Something I've learned over the past few years?
Life is a lot like writing.
I mean you can't go back and tighten up the squirrely bits with an edit or two, but its full of twists and turns. It has its ups and downs, humorous moments framed by heartbreaking sorrow and amazing triumphs. I could go on for sometime, but I think you get the picture.
Life is unpredictable, but wow....what a ride. As a writer, artist, wife, mother, sister, daughter.....friend, I've had this brought to my attention so much in the few couple years. Oh how I wish I could go back with a red pen and scratch out the unsightly bits, the painful and embarrassing, the moments of doubt and bull headed stubbornness where trust and an open mind were needed. I've learned a lot about myself and most of who I am is here to stay, for better or worse.
Like a book thats been written, peeled apart, edited, and thrown back together a time or six before getting that last smoothing polish, I've been torn down and rebuilt in so many ways. Was it painful? Oh yes, very much so. Would I change anything? Well, I'd be lying if I said no...the passing of my son wrought some much needed changes for the better, but it was so hard to see that thru the pain of lossing my contrary little boy. I see it now and am a better person for it, a better everything.

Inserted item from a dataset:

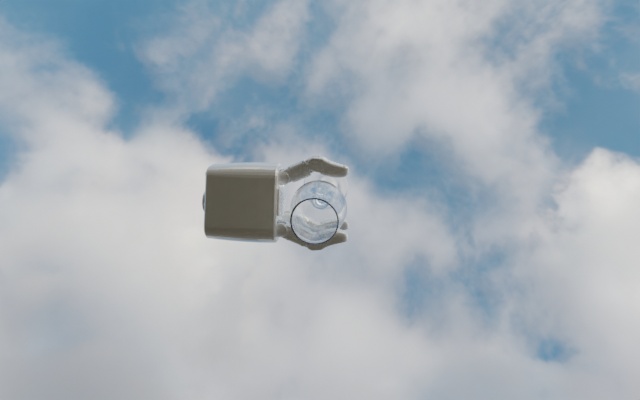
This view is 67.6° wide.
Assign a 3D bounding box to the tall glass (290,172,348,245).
[{"bbox_3d":[0.000,0.002,0.692,0.079,0.079,0.201,0,14,4],"label":"tall glass"}]
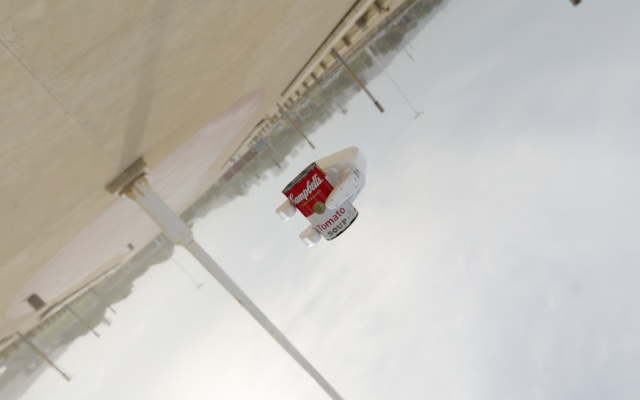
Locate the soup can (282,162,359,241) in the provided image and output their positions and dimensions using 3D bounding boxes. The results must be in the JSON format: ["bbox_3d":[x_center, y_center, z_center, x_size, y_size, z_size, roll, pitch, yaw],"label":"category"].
[{"bbox_3d":[0.000,0.003,0.716,0.068,0.102,0.068,-41,9,8],"label":"soup can"}]

Like the threads of my life, the threads of my book are finally starting to weave themselves into something a less chaotic. While my new writing pace will likely be slower then molasses in January, it too is better off. Losing such a precious gift as a child puts many things in perspective, from the large to the small.
I've found new eyes with which to see my story and I'm almost appalled at the stuff I somehow missed trimming on the last go-around. It makes my fingers itch to set it right, but I have to finish this round of edits before I can let myself tackle those wayward bits and trim the excess from my pages.
Of course, first I need to actually get a move on with said edits. These past couple weeks were busy with my husband's birthday and several other important things, so my writing is being neglected for the moment. That'll probably change today, but for now its all looking a little dusty. And that note, I better go. I can hear my laptop calling my name and there's no time like the present.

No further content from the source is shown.